Work order: Every entry needs to be repeated exactly, with nothing left out.

Supplied entries:
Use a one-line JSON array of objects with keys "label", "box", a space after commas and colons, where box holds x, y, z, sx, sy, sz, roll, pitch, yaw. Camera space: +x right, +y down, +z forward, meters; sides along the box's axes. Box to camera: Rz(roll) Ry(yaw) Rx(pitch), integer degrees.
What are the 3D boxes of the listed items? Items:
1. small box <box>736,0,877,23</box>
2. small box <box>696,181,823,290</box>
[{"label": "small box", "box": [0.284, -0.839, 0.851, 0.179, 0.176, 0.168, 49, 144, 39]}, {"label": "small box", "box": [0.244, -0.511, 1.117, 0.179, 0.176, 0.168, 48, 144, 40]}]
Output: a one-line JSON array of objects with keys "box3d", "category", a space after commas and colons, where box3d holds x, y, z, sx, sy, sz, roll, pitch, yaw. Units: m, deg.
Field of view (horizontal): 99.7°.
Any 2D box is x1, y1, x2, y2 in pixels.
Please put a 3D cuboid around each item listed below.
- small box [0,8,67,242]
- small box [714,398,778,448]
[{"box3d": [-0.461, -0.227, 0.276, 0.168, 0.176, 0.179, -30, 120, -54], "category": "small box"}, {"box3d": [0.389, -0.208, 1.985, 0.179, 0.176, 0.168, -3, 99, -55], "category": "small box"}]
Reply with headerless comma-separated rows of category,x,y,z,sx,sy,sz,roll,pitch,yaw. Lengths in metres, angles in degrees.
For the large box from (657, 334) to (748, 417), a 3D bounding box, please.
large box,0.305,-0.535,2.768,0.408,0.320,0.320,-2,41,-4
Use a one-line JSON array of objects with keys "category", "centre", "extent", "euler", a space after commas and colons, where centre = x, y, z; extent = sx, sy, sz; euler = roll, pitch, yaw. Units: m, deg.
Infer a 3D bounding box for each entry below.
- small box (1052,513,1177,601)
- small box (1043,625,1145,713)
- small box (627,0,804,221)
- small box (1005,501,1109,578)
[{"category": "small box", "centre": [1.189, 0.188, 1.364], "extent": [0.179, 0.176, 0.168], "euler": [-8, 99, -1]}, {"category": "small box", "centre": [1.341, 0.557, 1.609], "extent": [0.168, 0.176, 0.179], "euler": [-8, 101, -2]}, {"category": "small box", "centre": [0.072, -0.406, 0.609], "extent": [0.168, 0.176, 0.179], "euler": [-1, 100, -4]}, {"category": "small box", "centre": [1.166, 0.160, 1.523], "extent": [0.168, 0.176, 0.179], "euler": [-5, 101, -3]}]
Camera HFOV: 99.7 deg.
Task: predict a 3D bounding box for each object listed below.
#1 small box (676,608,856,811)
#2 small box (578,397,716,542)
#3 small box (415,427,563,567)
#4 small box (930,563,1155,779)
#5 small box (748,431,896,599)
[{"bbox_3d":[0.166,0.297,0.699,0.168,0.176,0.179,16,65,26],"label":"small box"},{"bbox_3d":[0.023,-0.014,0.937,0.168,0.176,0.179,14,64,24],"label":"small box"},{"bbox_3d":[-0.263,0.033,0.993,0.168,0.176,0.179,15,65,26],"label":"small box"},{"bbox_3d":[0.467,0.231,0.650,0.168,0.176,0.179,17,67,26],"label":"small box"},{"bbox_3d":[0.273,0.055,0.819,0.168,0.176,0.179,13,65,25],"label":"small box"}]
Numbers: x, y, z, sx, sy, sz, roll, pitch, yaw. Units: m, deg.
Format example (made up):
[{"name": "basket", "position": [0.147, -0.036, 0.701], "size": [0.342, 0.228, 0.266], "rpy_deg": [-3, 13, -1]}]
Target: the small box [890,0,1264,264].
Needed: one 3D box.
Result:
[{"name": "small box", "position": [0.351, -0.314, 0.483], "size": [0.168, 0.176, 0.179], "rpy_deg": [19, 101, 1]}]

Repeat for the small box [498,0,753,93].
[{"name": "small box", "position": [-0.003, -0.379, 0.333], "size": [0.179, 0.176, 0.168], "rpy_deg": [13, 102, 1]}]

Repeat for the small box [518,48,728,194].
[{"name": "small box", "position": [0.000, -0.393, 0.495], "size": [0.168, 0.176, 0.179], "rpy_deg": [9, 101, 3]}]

Exercise answer:
Use a one-line JSON array of objects with keys "label", "box", a space after commas and colons, where box holds x, y, z, sx, sy, sz, roll, pitch, yaw. Camera space: +x right, +y down, +z forward, meters; sides along the box's axes. Box to camera: Rz(roll) Ry(yaw) Rx(pitch), integer degrees.
What are the 3D boxes of the listed items? Items:
1. small box <box>736,0,877,23</box>
2. small box <box>696,181,823,290</box>
[{"label": "small box", "box": [0.284, -0.839, 0.851, 0.179, 0.176, 0.168, 49, 144, 39]}, {"label": "small box", "box": [0.244, -0.511, 1.117, 0.179, 0.176, 0.168, 48, 144, 40]}]
Output: a one-line JSON array of objects with keys "box3d", "category", a space after commas and colons, where box3d holds x, y, z, sx, sy, sz, roll, pitch, yaw. Units: m, deg.
Field of view (horizontal): 99.7°.
Any 2D box is x1, y1, x2, y2 in pixels.
Please put a 3D cuboid around each item listed below.
- small box [0,8,67,242]
- small box [714,398,778,448]
[{"box3d": [-0.461, -0.227, 0.276, 0.168, 0.176, 0.179, -30, 120, -54], "category": "small box"}, {"box3d": [0.389, -0.208, 1.985, 0.179, 0.176, 0.168, -3, 99, -55], "category": "small box"}]
Reply with headerless comma-separated rows of category,x,y,z,sx,sy,sz,roll,pitch,yaw. Lengths in metres, angles in degrees.
For the large box from (657, 334) to (748, 417), a 3D bounding box, please.
large box,0.305,-0.535,2.768,0.408,0.320,0.320,-2,41,-4
Use a one-line JSON array of objects with keys "category", "centre", "extent", "euler", a space after commas and colons, where centre = x, y, z; extent = sx, sy, sz; euler = roll, pitch, yaw. Units: m, deg.
Infer a 3D bounding box for each entry below.
- small box (1052,513,1177,601)
- small box (1043,625,1145,713)
- small box (627,0,804,221)
- small box (1005,501,1109,578)
[{"category": "small box", "centre": [1.189, 0.188, 1.364], "extent": [0.179, 0.176, 0.168], "euler": [-8, 99, -1]}, {"category": "small box", "centre": [1.341, 0.557, 1.609], "extent": [0.168, 0.176, 0.179], "euler": [-8, 101, -2]}, {"category": "small box", "centre": [0.072, -0.406, 0.609], "extent": [0.168, 0.176, 0.179], "euler": [-1, 100, -4]}, {"category": "small box", "centre": [1.166, 0.160, 1.523], "extent": [0.168, 0.176, 0.179], "euler": [-5, 101, -3]}]
Camera HFOV: 99.7 deg.
Task: predict a 3D bounding box for each object listed below.
#1 small box (676,608,856,811)
#2 small box (578,397,716,542)
#3 small box (415,427,563,567)
#4 small box (930,563,1155,779)
#5 small box (748,431,896,599)
[{"bbox_3d":[0.166,0.297,0.699,0.168,0.176,0.179,16,65,26],"label":"small box"},{"bbox_3d":[0.023,-0.014,0.937,0.168,0.176,0.179,14,64,24],"label":"small box"},{"bbox_3d":[-0.263,0.033,0.993,0.168,0.176,0.179,15,65,26],"label":"small box"},{"bbox_3d":[0.467,0.231,0.650,0.168,0.176,0.179,17,67,26],"label":"small box"},{"bbox_3d":[0.273,0.055,0.819,0.168,0.176,0.179,13,65,25],"label":"small box"}]
Numbers: x, y, z, sx, sy, sz, roll, pitch, yaw. Units: m, deg.
Format example (made up):
[{"name": "basket", "position": [0.147, -0.036, 0.701], "size": [0.342, 0.228, 0.266], "rpy_deg": [-3, 13, -1]}]
Target: the small box [890,0,1264,264].
Needed: one 3D box.
Result:
[{"name": "small box", "position": [0.351, -0.314, 0.483], "size": [0.168, 0.176, 0.179], "rpy_deg": [19, 101, 1]}]

Repeat for the small box [498,0,753,93].
[{"name": "small box", "position": [-0.003, -0.379, 0.333], "size": [0.179, 0.176, 0.168], "rpy_deg": [13, 102, 1]}]

Repeat for the small box [518,48,728,194].
[{"name": "small box", "position": [0.000, -0.393, 0.495], "size": [0.168, 0.176, 0.179], "rpy_deg": [9, 101, 3]}]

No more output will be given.